Elagolix Reduces Menstrual and Non-Menstrual Endometriosis Pain, Phase 3 Studies Report

Elagolix Reduces Menstrual and Non-Menstrual Endometriosis Pain, Phase 3 Studies Report

Final data of two large Phase 3 trials of Abbvie’s elagolix published today again found that the treatment effectively reduced pain in women with endometriosis. The findings support a New Drug Application with the U.S. Food and Drug Administration, which the company plans to file later this year.

In addition, AbbVie presented additional data on elagolix, including secondary efficacy data from the two trials, at the 13th World Congress on Endometriosis being held through May 20 in Vancouver, Canada. Although data collectively supports the drug as a treatment for endometriosis, the meeting presentations also highlighted some important side effects of the treatment.

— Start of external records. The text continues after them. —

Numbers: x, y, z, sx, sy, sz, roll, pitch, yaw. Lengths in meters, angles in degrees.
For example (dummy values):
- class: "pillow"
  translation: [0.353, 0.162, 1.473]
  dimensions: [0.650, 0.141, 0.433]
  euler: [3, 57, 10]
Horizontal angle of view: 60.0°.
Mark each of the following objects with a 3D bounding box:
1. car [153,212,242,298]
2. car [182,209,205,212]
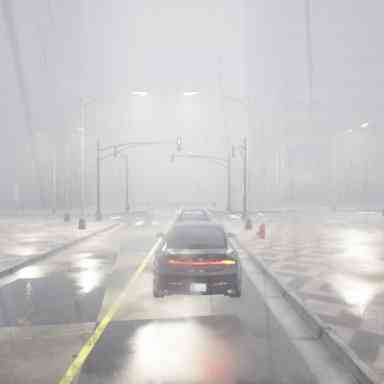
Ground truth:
- class: "car"
  translation: [0.103, 1.502, 8.510]
  dimensions: [1.837, 1.490, 4.892]
  euler: [0, 0, 0]
- class: "car"
  translation: [0.066, 1.556, 17.413]
  dimensions: [1.994, 1.385, 4.181]
  euler: [0, 0, 1]
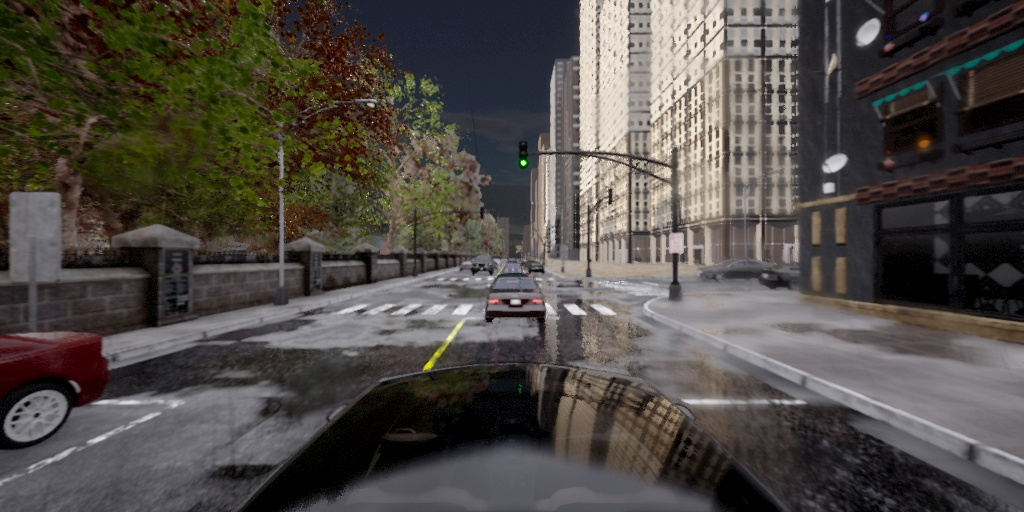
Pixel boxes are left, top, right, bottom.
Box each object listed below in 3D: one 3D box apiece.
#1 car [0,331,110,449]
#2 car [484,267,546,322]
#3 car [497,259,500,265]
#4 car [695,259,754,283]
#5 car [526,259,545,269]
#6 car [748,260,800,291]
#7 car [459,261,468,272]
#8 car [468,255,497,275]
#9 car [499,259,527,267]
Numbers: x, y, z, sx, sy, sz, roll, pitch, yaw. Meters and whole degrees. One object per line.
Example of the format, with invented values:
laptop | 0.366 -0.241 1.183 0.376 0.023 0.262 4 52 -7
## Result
car | -5.821 1.294 2.477 1.888 1.381 4.507 0 0 0
car | 0.097 1.285 12.199 2.033 1.411 5.357 0 0 0
car | -3.089 1.271 50.682 1.994 1.385 4.181 0 0 0
car | 14.712 0.947 23.611 4.902 1.511 2.128 -1 0 0
car | 2.678 1.280 40.398 1.948 1.339 4.313 0 0 0
car | 14.680 1.005 17.818 4.313 1.339 1.948 0 0 0
car | -5.704 1.293 46.028 1.802 1.307 4.207 0 0 0
car | -3.105 0.937 39.280 2.150 2.045 5.566 0 0 0
car | 0.091 1.265 34.649 2.033 1.411 5.357 0 0 0
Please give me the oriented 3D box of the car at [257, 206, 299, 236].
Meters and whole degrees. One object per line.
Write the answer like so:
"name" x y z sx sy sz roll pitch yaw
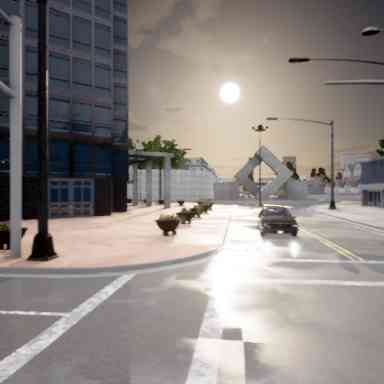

The two nearly identical Phase 3 trials (NCT01620528 and NCT01931670) focused both on menstrual and non-menstrual pain in women with endometriosis. The published report, Treatment of Endometriosis-Associated Pain with Elagolix, an Oral GnRH Antagonist,” which appeared today in the New England Journal of Medicine (NEJM), showed that about three out of four women treated with a higher elagolix dose experienced reduced menstrual pain.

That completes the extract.